If there is a problem, then there is a solution also.
The problem with hash function is its randomness, it is needed for data but for server we cannot rely on it as it can be insignificant as we see in above example.
Our server location is already stored in array. Can't you modify it and add or remove server as we need. Yes, you can. Now, control is again on your hand.
We can add or remove server exactly where it needed.
server0 | server4 | server1 | server2 | server5 | server3 |
---|---|---|---|---|---|
100 | 200 | 300 | 600 | 700 | 900 |
Scaling Without Tears
Now whole scaling problem narrow downs to simple hashing and array problem.
Adding or removing servers becomes seamless with consistent hashing.

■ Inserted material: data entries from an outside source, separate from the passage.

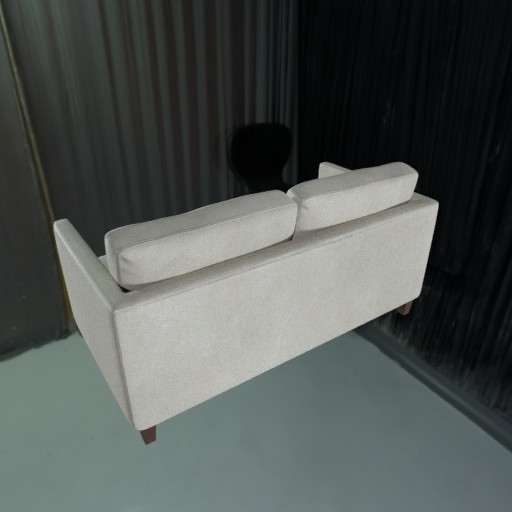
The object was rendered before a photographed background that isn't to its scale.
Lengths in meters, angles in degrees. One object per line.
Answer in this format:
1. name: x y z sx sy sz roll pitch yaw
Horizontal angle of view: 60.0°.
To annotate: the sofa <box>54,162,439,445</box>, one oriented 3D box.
1. sofa: 0.000 0.000 2.429 1.846 0.940 0.950 -18 33 -30

When a server is added, only data in its immediate range is moved.
When a server is removed, its data is distributed among its neighbors.
This makes scaling fast, efficient, and error-free.
What’s Next? Comments, Feedback, and Reviews
I love to hear your thoughts on this topic. Have you faced similar scaling challenges in your apps? How did you overcome them, and how do you see consistent hashing fitting into your solutions? Feel free to share your experiences in the comments below or leave a review. Your feedback helps me keep improving the content and ensure that I am providing value to the community.
Conclusion: A Scalable Future
Consistent hashing isn’t just an optimization; it’s a mindset. It’s about building systems that adapt gracefully to growth and change.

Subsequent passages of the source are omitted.